Exercise data.
□ □ □ □

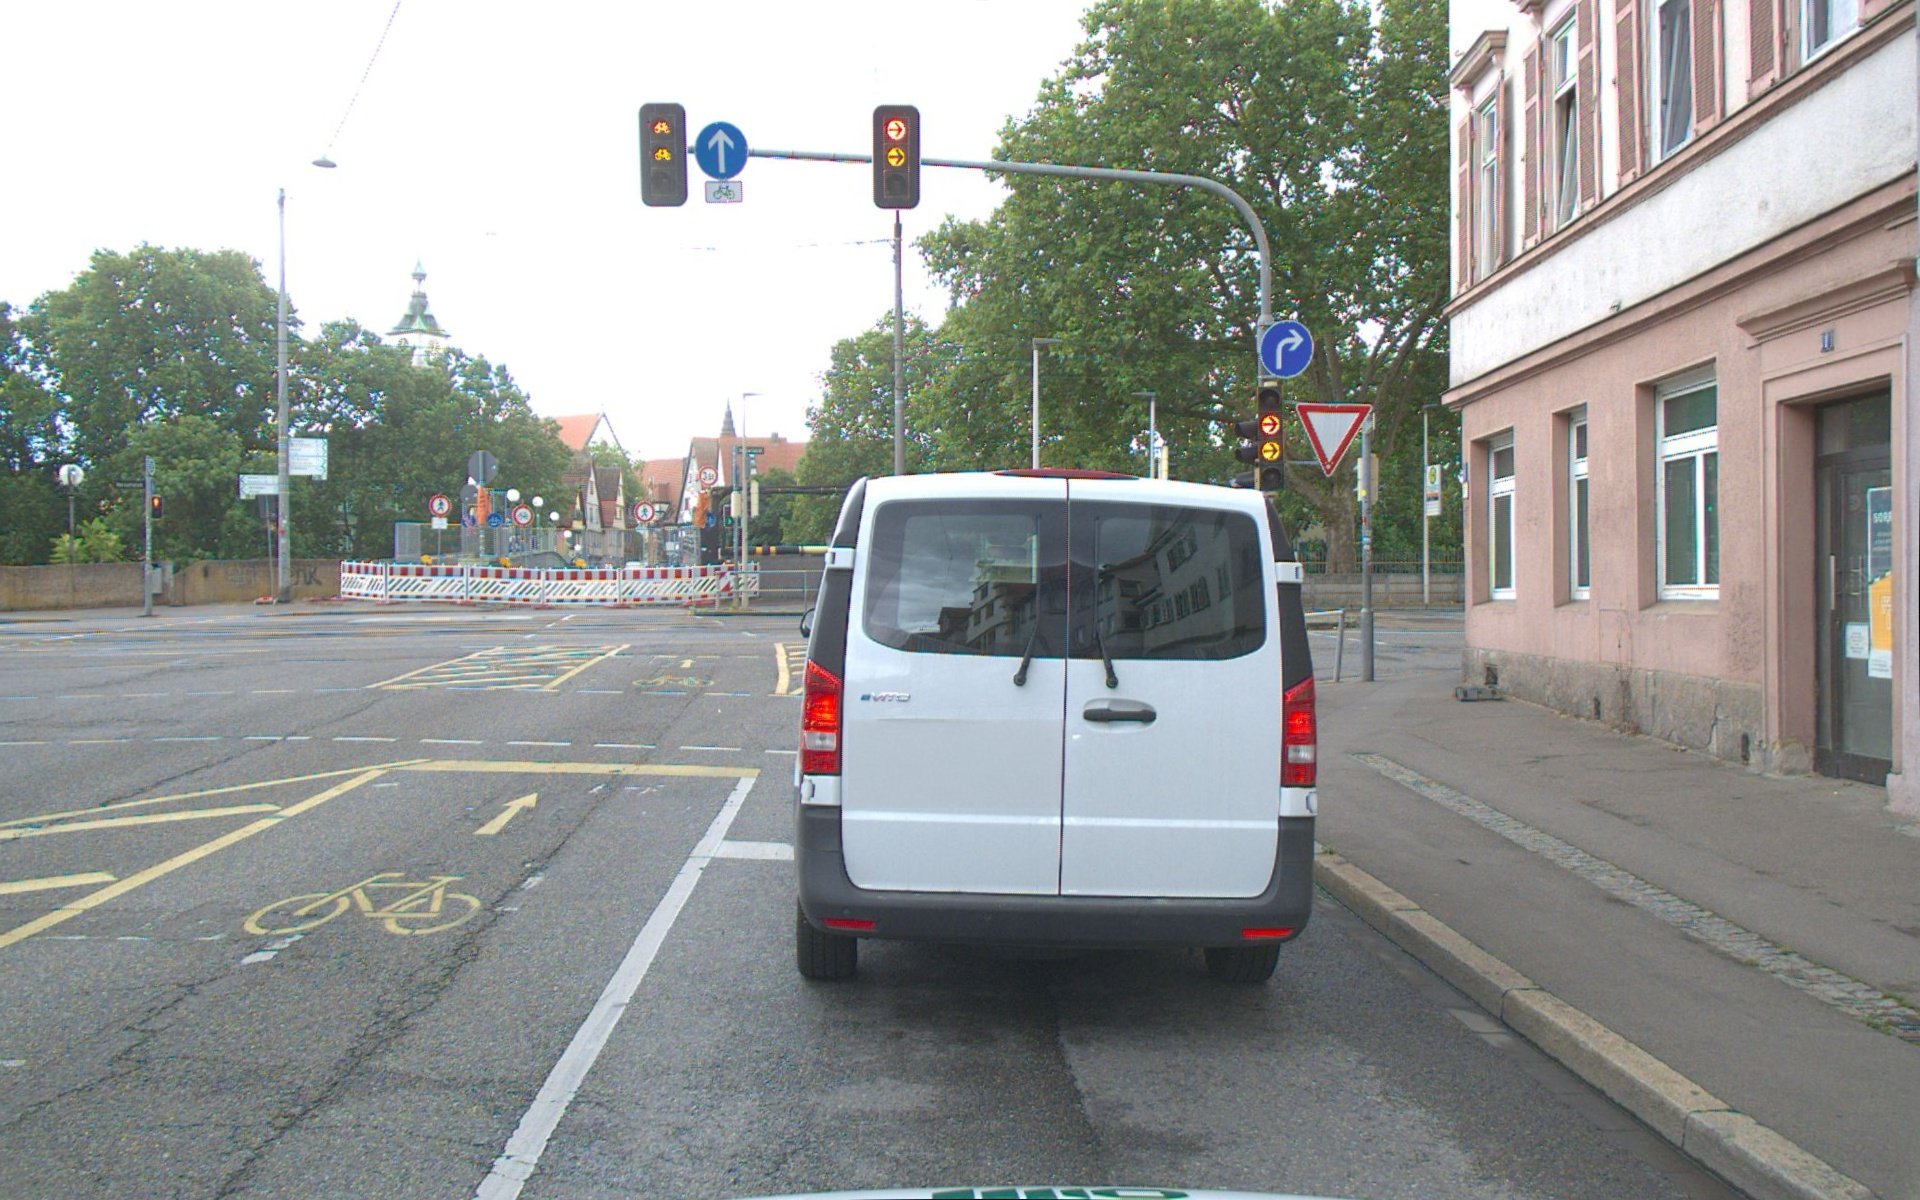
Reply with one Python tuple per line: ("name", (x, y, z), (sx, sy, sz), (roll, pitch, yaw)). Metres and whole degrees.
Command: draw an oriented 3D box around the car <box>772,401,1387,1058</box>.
("car", (0.346, 0.351, 7.575), (1.911, 2.048, 4.698), (1, 2, -1))
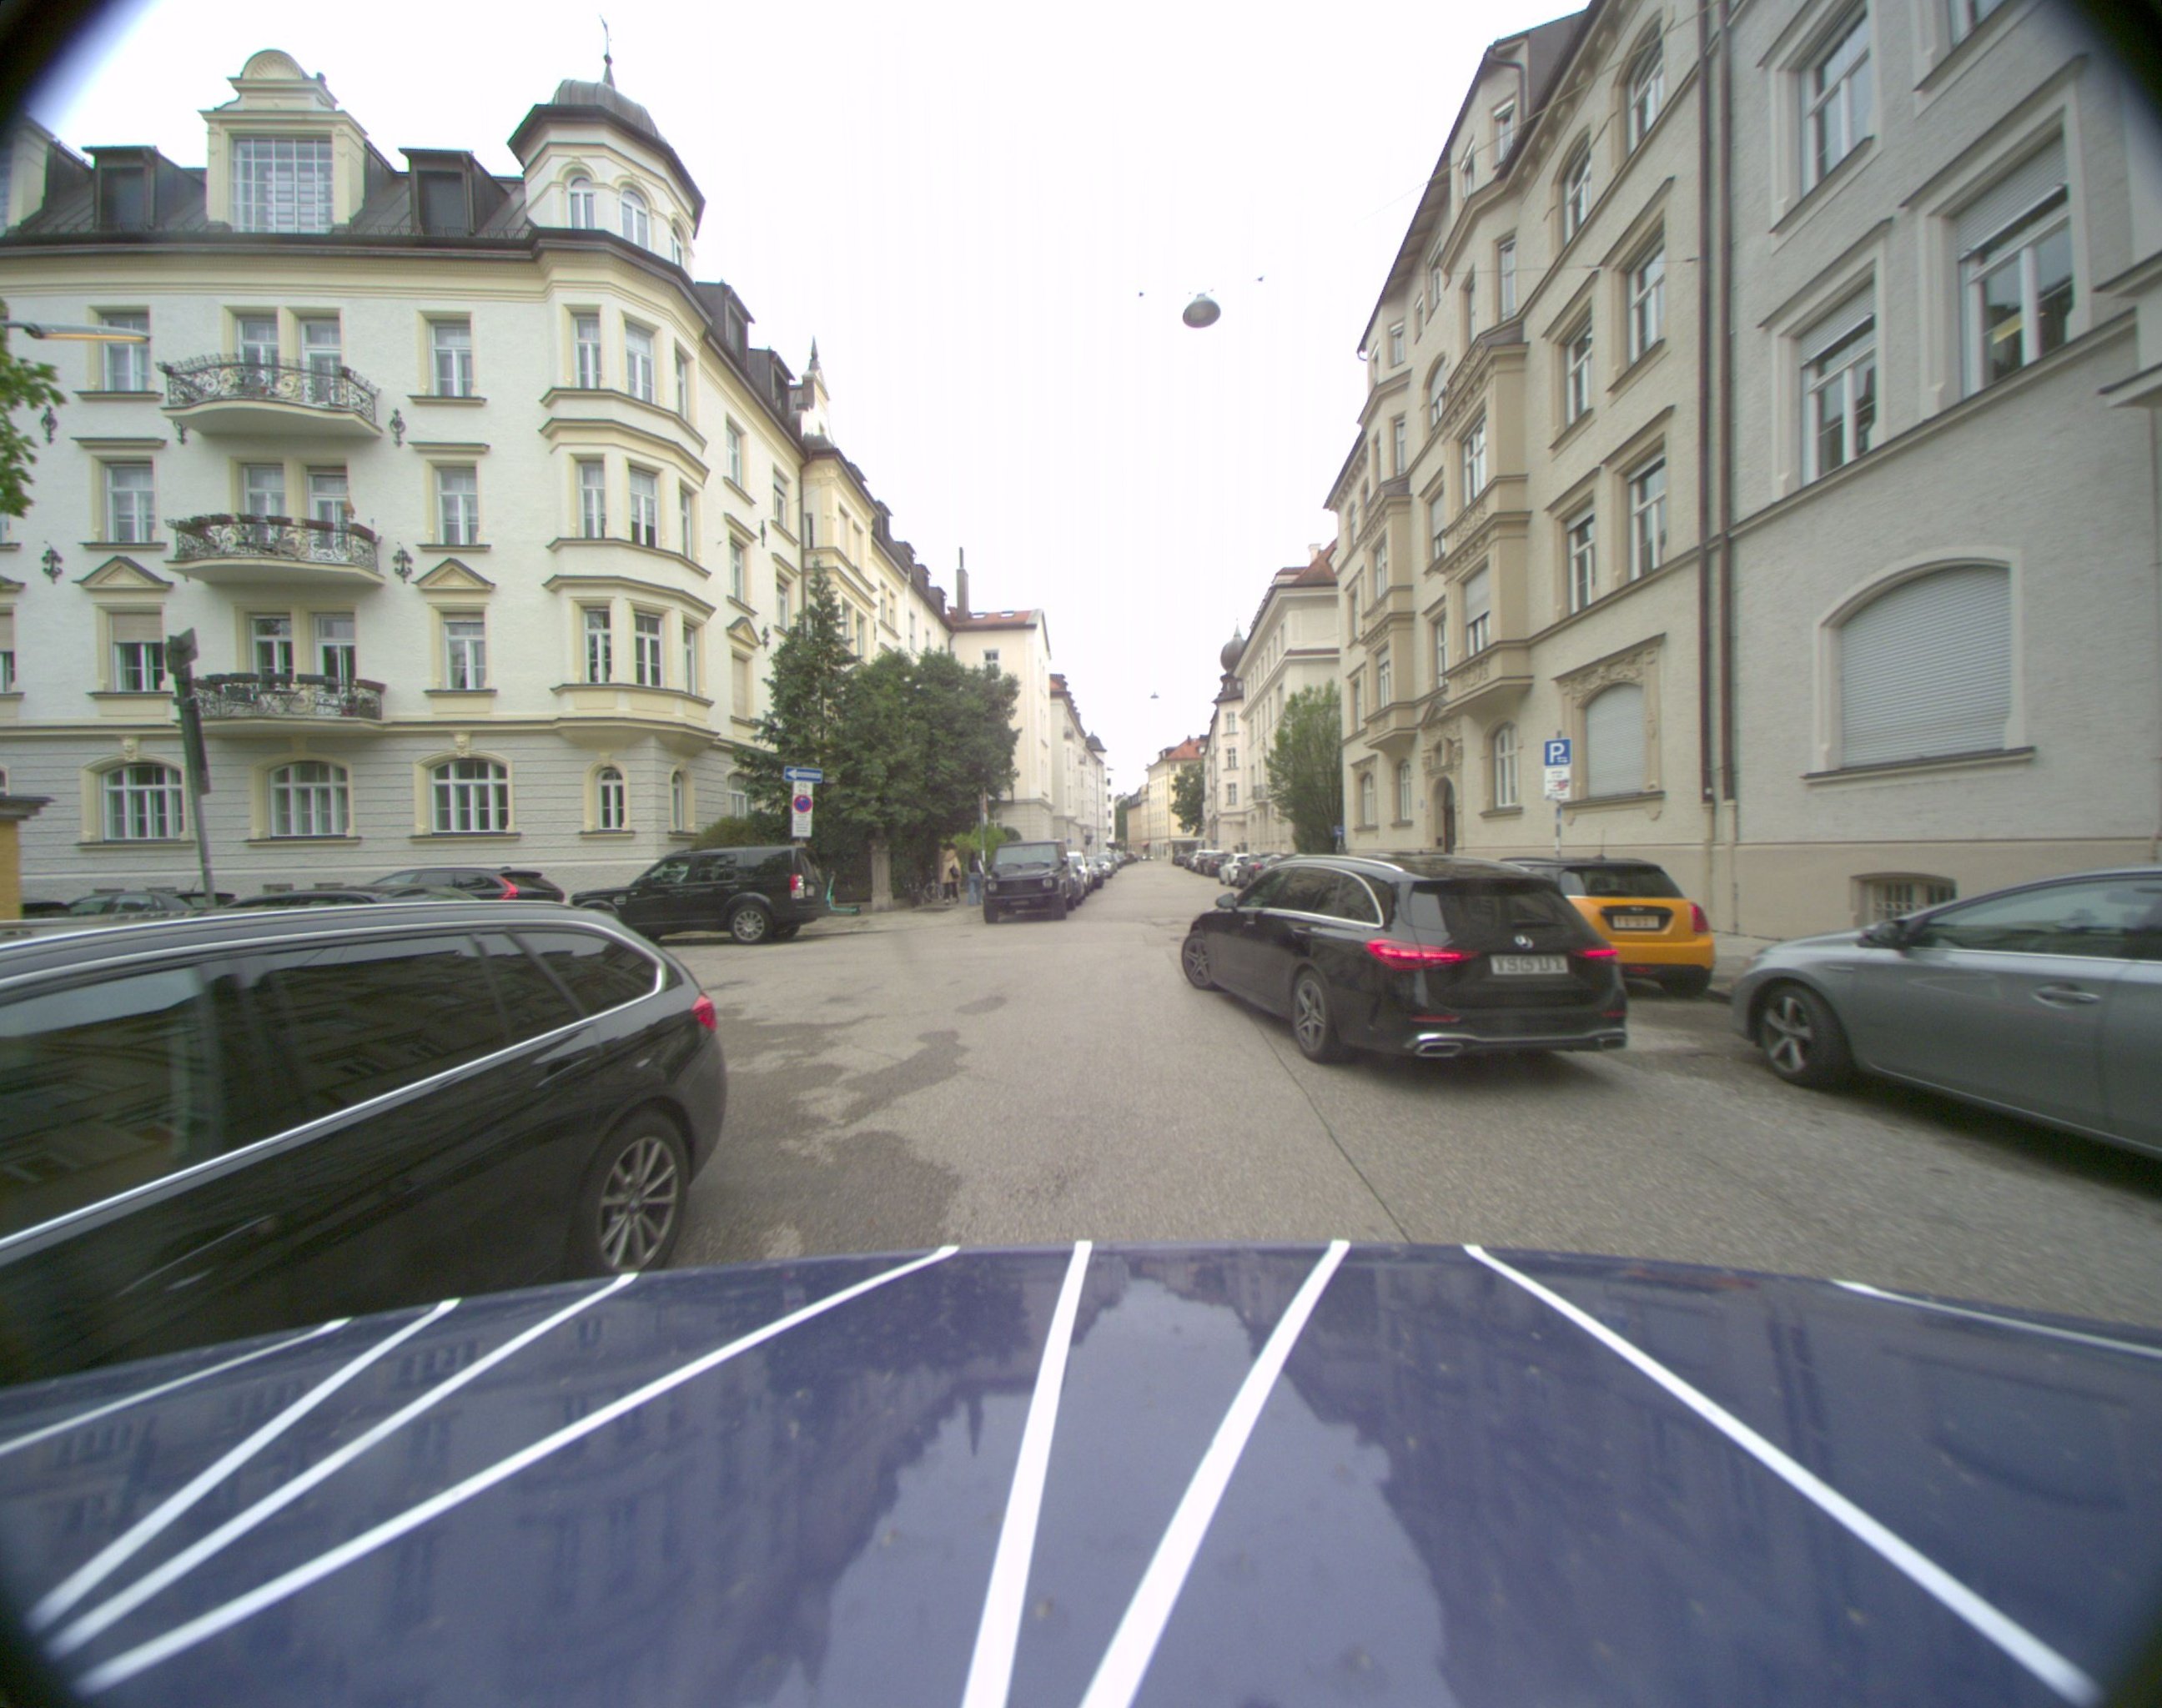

□ □ □ □

Exercise description. In copying the listing, reproduce each line exactly and omit the pictures.

Written solution.
Reply with one Python tuple per line: ("name", (x, y, z), (sx, sy, sz), (roll, pitch, yaw)). Metres and whole degrees.
Command: draw an oriented 3D box around the car <box>772,401,1387,1058</box>.
("car", (0.346, 0.351, 7.575), (1.911, 2.048, 4.698), (1, 2, -1))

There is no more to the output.